Хейккиля так не терпелось показать это Ниеминену, что он готов был встать и пойти ему навстречу, когда тот наконец явился. Прочтя статью, Ниеминен густо покраснел.

— Ты что, думаешь, что и я такой же?.. — шепотом спросил он, и губы его дрогнули.

— Не совсем, но я просто вспомнил твои слова. Ниеминен сел на койку и стал тереть ладонями лицо..

Потом он устало сказал:

— Я как раз думал там, на посту, что, если бы мне дали сейчас свободу, я бы подался домой. У меня такое чувство, что должно произойти что-то ужасное. На той стороне, у рюсся, все стихло, не слышно больше ни звука — Это, знаешь ли, тишина перед бурей. Значит, у них уже все готово.

Хейккиля перестал улыбаться.

— Ты думаешь, начнется сквозное бегство?

— Нет, не то чтоб… но покойников будет много.

Ниеминен сдержал зевоту и пошел к своей койке.

— Давай, знаешь, спать. Пока еще можно поспать спокойно.

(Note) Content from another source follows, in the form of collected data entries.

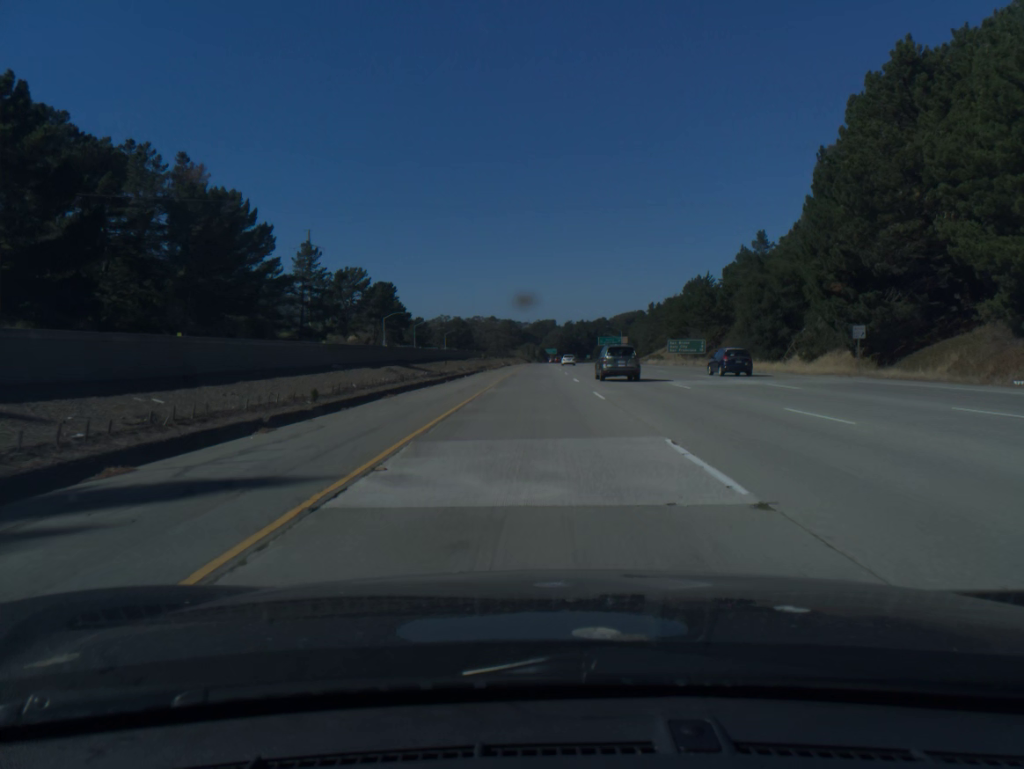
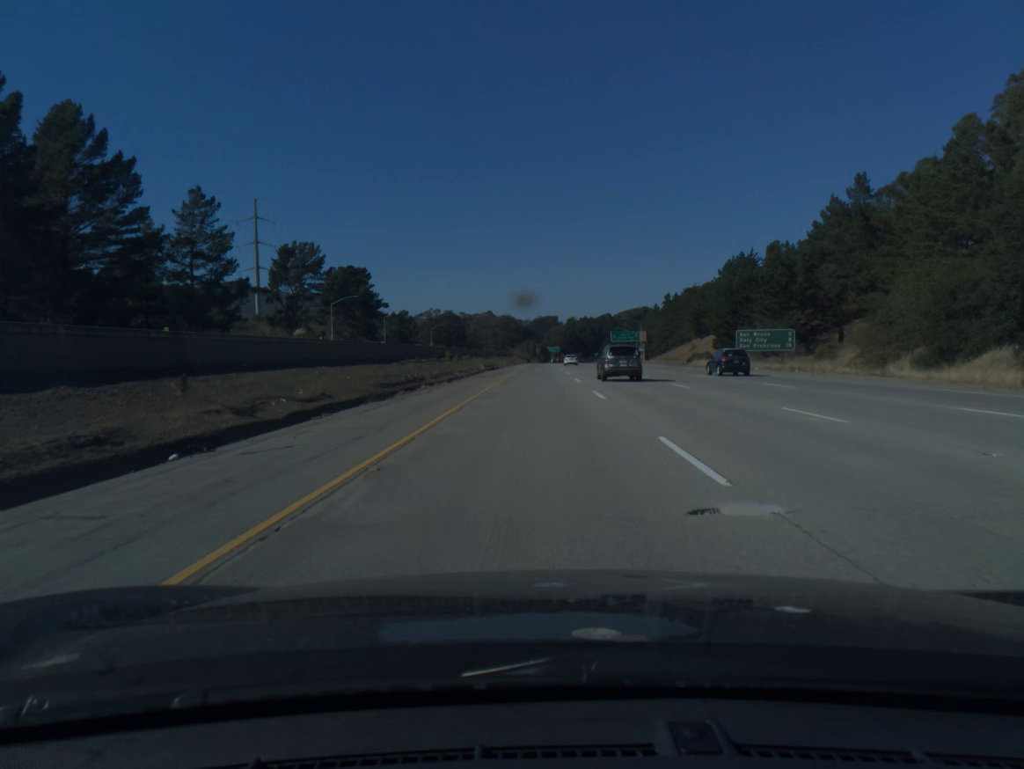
(0.0, +43.4) m; 0°
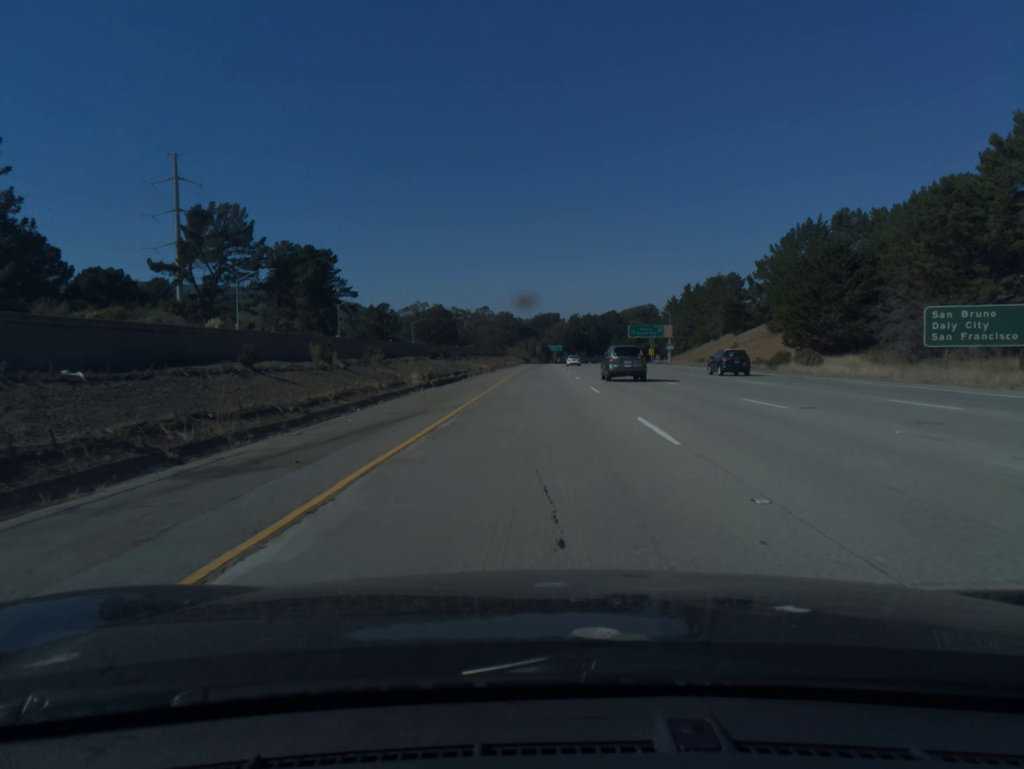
(0.0, +40.0) m; 0°
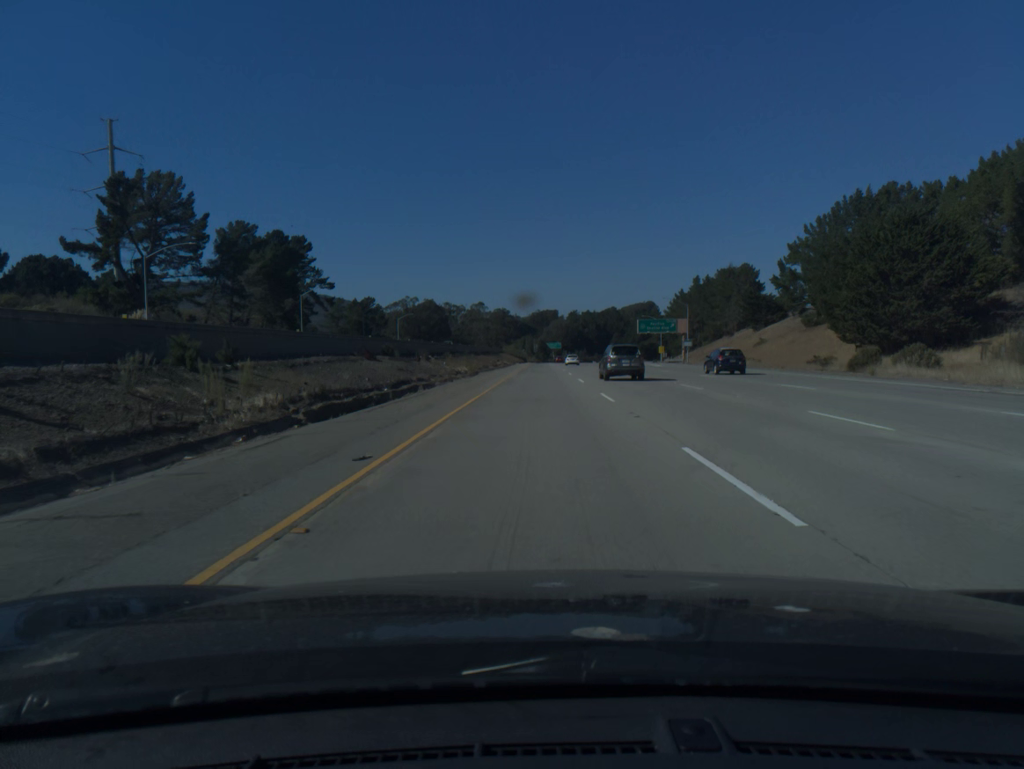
(0.0, +20.0) m; 0°
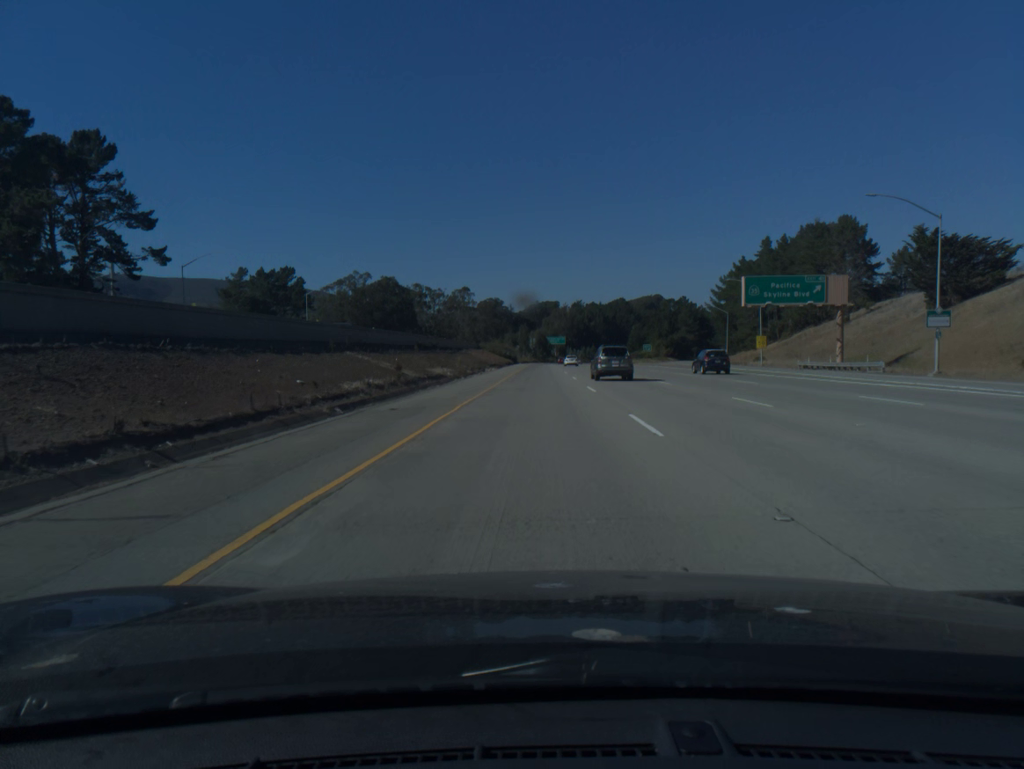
(+0.2, +81.7) m; 0°
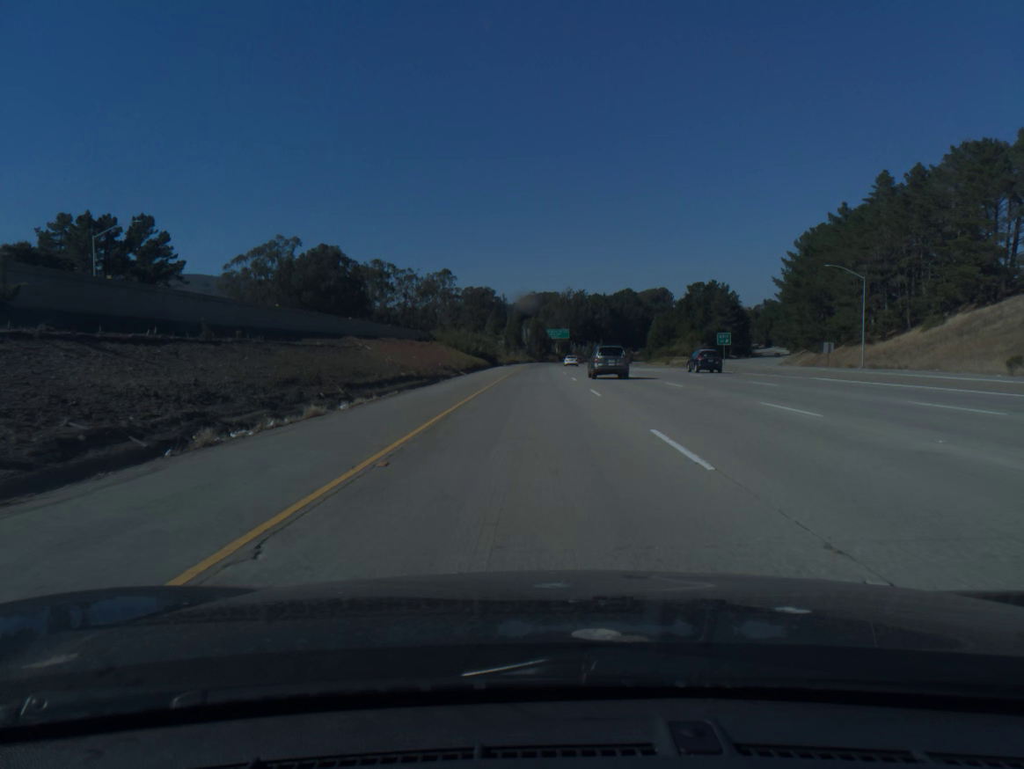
(0.0, +61.8) m; 0°
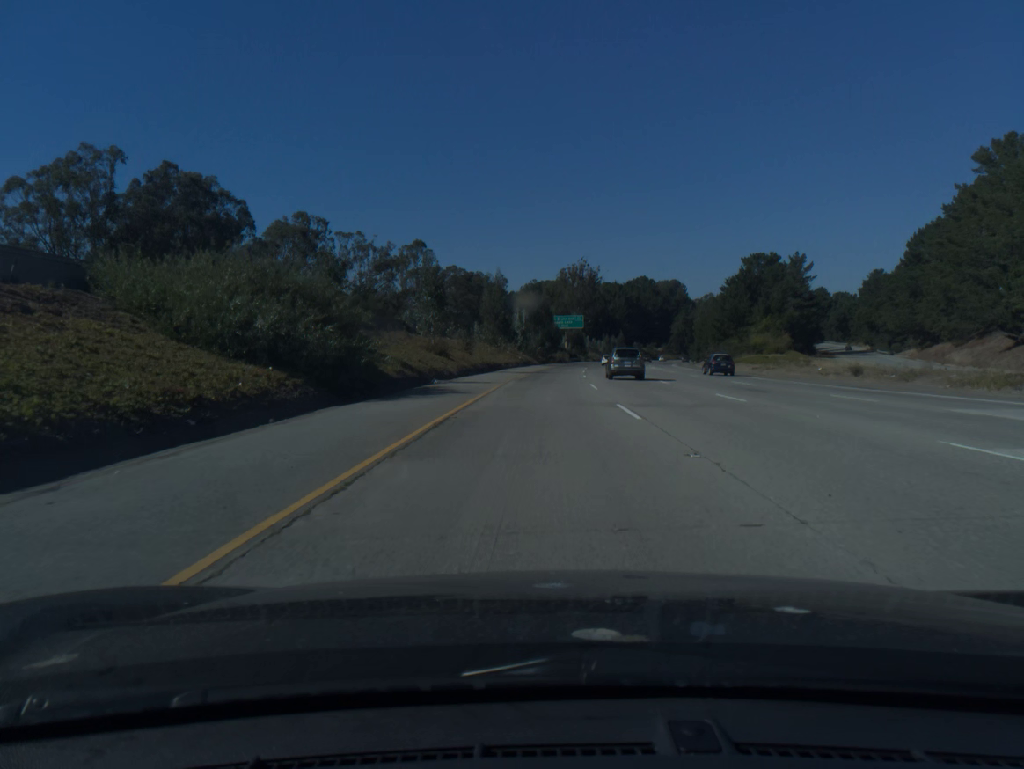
(-0.1, +66.9) m; 0°

Он разделся, проверил, на месте ли бутылка водки, спрятанная под матрасом, и улегся. Вскоре он уже спал сном праведника. А Хейккиля еще долго ворочался. Только теперь он подумал о том, что им предстояло, и ему стало не по себе. «Скоро начнется что-то ужасное… Покойников будет много…» — повторил он про себя зловещее предсказание Ниеминена. «А может, все-таки не будет? Если они в конце концов заключат таки мир? То есть успеют, пока еще не поздно? Надо полагать, они должны немного подумать и о нас. Хотя для них, видно, солдатская душа — пустяк…»

Наконец Хейккиля кое-как уснул. Вдруг он проснулся от того, что вся землянка, казалось, покачивалась. С потолка сыпался песок, на полке подпрыгивали, позвякивая, банки и склянки. Окошко землянки вдруг треснуло и грохнулось на пол. Тогда он, вскочив с постели, заорал:

— Подъем! Черт побери, вот оно, началось!

Призыв был напрасен, потому что все уже повскакали. Наверху гремело и грохотало, как будто там бушевала страшная гроза. Кругом все метались и, бледные, впопыхах натягивали на себя одежду. В землянку ворвался часовой, на нем не было лица:

— Самолеты! Сотни самолетов! — кричал он в исступлении. — Одна зенитка уже взлетела на воздух!

— Противотанковый взвод — сюда! — рявкнул сержант Лайне. — Выходи!

Взмахнув пистолетом, он бросился по траншее на выход, а остальные, цепочкой, последовали за ним. Но не успел сержант пробежать и десяти шагов по открытому месту, как что-то зарычало, зарокотало и с ревом пронеслось над самой головой. И он упал. Остальные инстинктивно попятились и скрылись в траншее.

— Штурмовик! Сержант остался там! Что делать?

— Назад, в землянку! — скомандовал Кауппинен, который был теперь старшим по званию. На груди у него был автомат, а на поясе висели запасные обоймы к нему и пистолет. На голове каска. Красивое лицо этого тихого, скромного парня было тоже бледно, но голос звучал спокойно и твердо:

— Ниеминен и Виртанен, надеть каски, взять оружие и несколько связок гранат. Всем остальным быть в укрытии. Бесполезно идти всем сразу. Одному быть на карауле, чтобы неприятель не захватил врасплох. Сержанта Лайне надо сейчас же вынести оттуда. Хейккиля, ты крепкий парень. Каску надень.